A Aprosoja Mato Grosso entregou aos candidatos ao governo do estado na tarde desta quinta-feira (20) uma carta de 18 páginas contendo reivindicações e problemas enfrentados pelo setor. Em meio a pauta ações e políticas públicas que proporcionem melhorias relacionadas à infraestrutura e logística, tributação e questões ambientais.
De acordo com o presidente da Associação, Lucas Costa Beber, o documento entregue “é uma maneira de poder cobrá-los e dizer que o setor dialogou antes da eleição”.
A carta foi entregue durante o evento “Agricultura em Pauta: Propostas para Mato Grosso”, que reuniu os seis candidatos ao Governo de Mato Grosso em uma sabatina sobre os principais desafios do setor produtivo. Na oportunidade, os candidatos apresentaram seus posicionamentos sobre questões relacionadas aos setores ambiental e fundiário, infraestrutura, tributação, segurança pública, direito de propriedade e governança da pauta da agricultura.
“Foi uma oportunidade para os candidatos conhecerem o setor produtivo e nós os conhecermos e saber quais são as suas propostas. Nós precisamos de políticas públicas que nos ajudem a continuar a produzir alimentos”, destacou Beber.
O presidente da Aprosoja Mato Grosso ressaltou ainda que o papel da entidade com o evento foi fazer a ponte entre os produtores e os candidatos. “A maioria das perguntas [do debate] nasceram da nossa base de associados. Então eles puderam saber melhor o que o associado precisa”.

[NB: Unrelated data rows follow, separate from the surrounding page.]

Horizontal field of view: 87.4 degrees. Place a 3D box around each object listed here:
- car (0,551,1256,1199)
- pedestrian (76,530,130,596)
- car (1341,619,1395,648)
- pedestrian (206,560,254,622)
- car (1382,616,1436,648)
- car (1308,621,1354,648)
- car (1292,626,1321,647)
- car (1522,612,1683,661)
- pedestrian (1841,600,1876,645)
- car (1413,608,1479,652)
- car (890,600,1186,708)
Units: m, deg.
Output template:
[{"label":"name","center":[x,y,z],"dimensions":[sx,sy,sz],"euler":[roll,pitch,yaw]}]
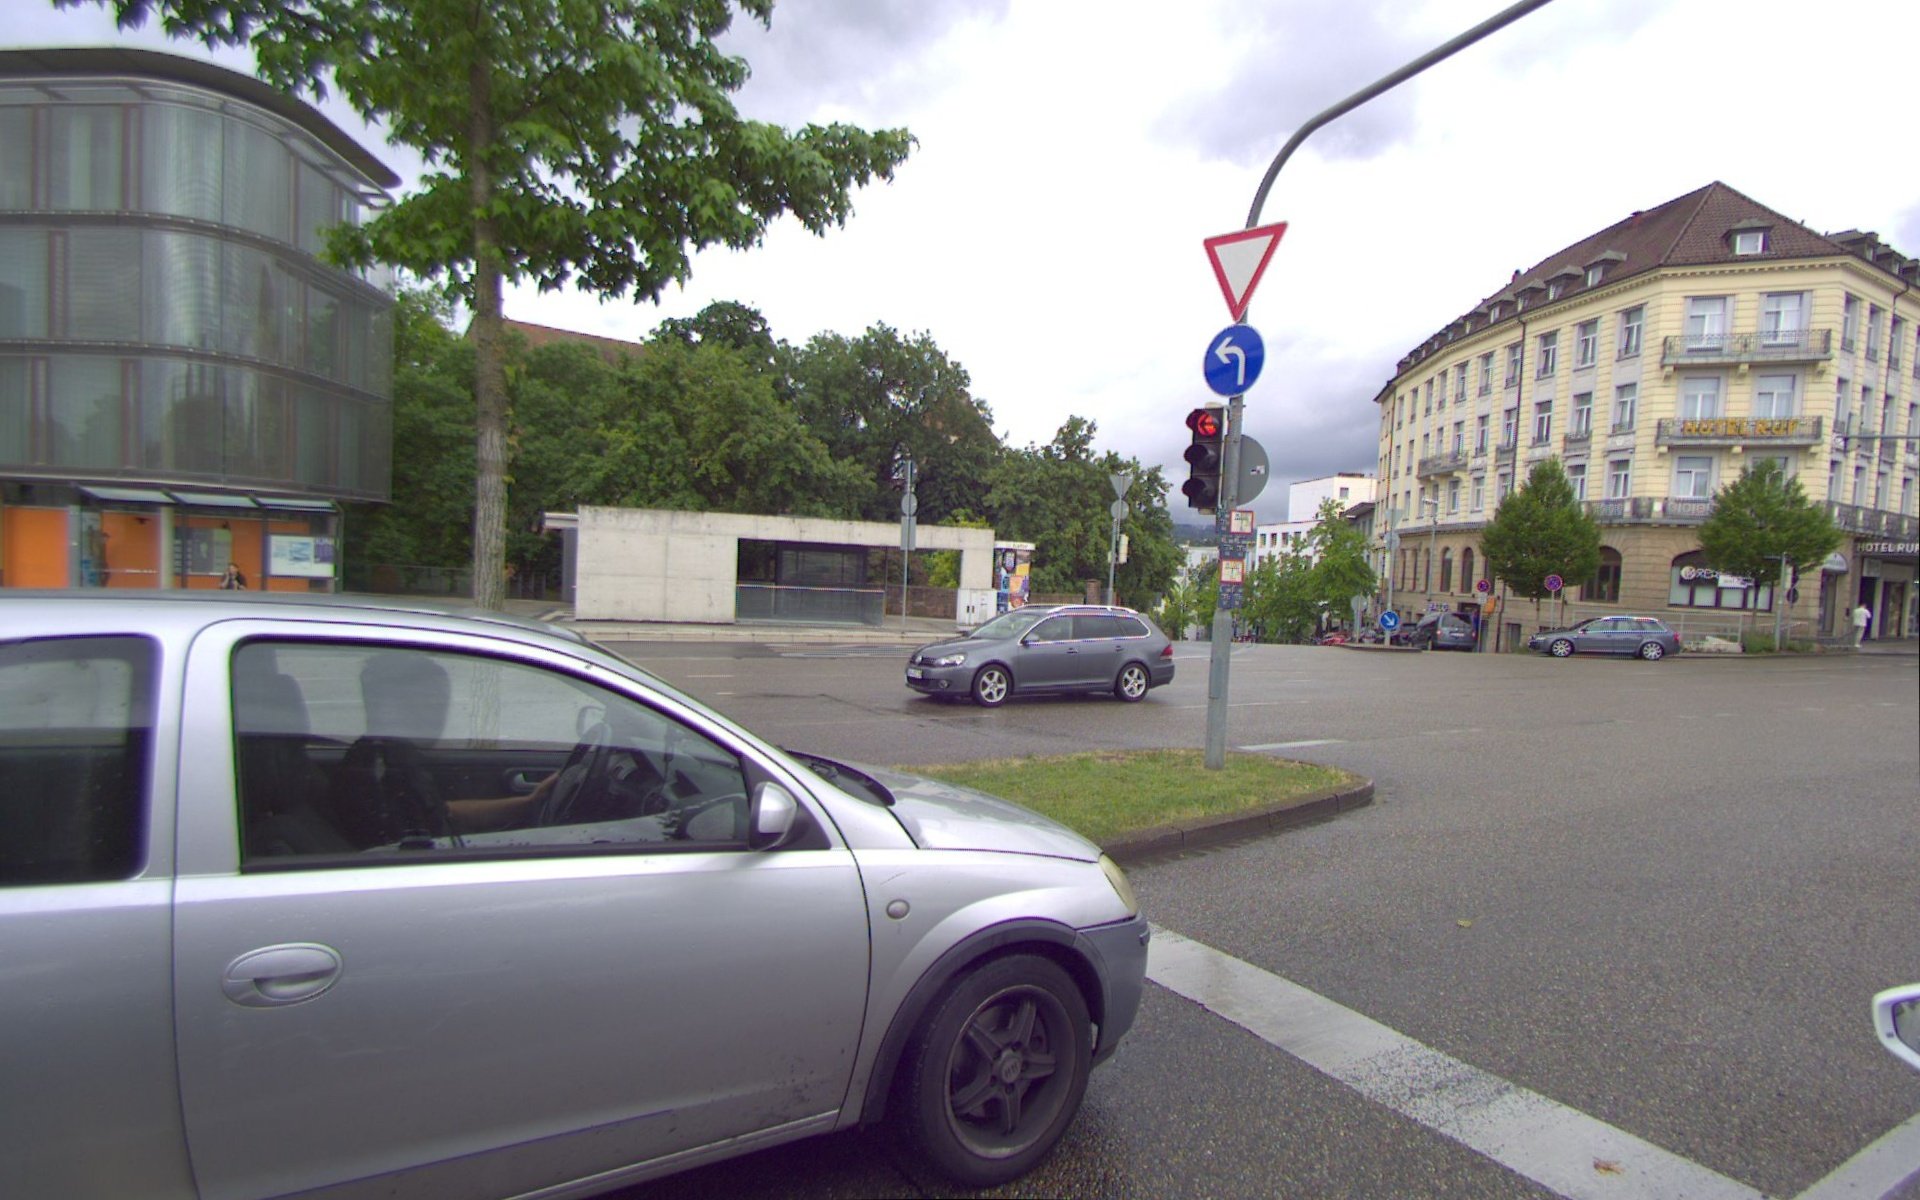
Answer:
[{"label":"car","center":[-1.195,0.684,2.529],"dimensions":[3.678,1.485,1.685],"euler":[2,0,-32]},{"label":"pedestrian","center":[-23.584,-1.005,27.657],"dimensions":[0.809,1.779,0.786],"euler":[0,0,-2]},{"label":"car","center":[23.057,1.864,56.919],"dimensions":[1.734,1.498,4.002],"euler":[2,0,6]},{"label":"pedestrian","center":[-16.190,-0.194,22.298],"dimensions":[0.710,1.316,0.665],"euler":[2,0,-25]},{"label":"car","center":[22.989,1.594,51.544],"dimensions":[1.602,1.417,4.002],"euler":[2,1,10]},{"label":"car","center":[23.257,2.147,63.129],"dimensions":[1.734,1.498,4.012],"euler":[2,0,6]},{"label":"car","center":[28.598,2.997,83.054],"dimensions":[1.734,1.498,4.002],"euler":[2,0,11]},{"label":"car","center":[22.167,1.221,34.850],"dimensions":[4.363,1.485,1.700],"euler":[2,0,19]},{"label":"pedestrian","center":[37.476,0.933,41.887],"dimensions":[0.741,1.837,0.875],"euler":[2,0,-30]},{"label":"car","center":[21.787,1.286,45.187],"dimensions":[1.602,1.783,4.002],"euler":[2,1,10]},{"label":"car","center":[1.259,0.809,15.740],"dimensions":[4.396,1.485,1.688],"euler":[2,0,-28]}]

Um dos maiores anseios do setor produtivo mato-grossense destacado durante o debate, e que consta na carta de 18 páginas, é o fim do chamado Fethab 2, uma cobrança adicional criada em 2016 no estado sobre setores do agronegócio, dentre eles a produção de milho.
“O setor contribui há anos e o estado dobrou a quantidade de rodovias. Isso veio dos recursos do Fethab. A produção e a oferta cresceram, cresceu a arrecadação do Fethab, que foi reajustado também, diferente do valor da commodity que não foi. Hoje a arrecadação do Fethab é maior do que o lucro que o produtor está tendo na lavoura”.
A cobrança adicional do fundo teria vigência de apenas dois anos quando da sua criação, contudo perdura há 10 anos. “Seria mais do que justo a um setor que tanto contribuiu nesses últimos anos e sempre contribui e está contribuindo também com a industrialização”, disse Beber sobre o fim da cobrança.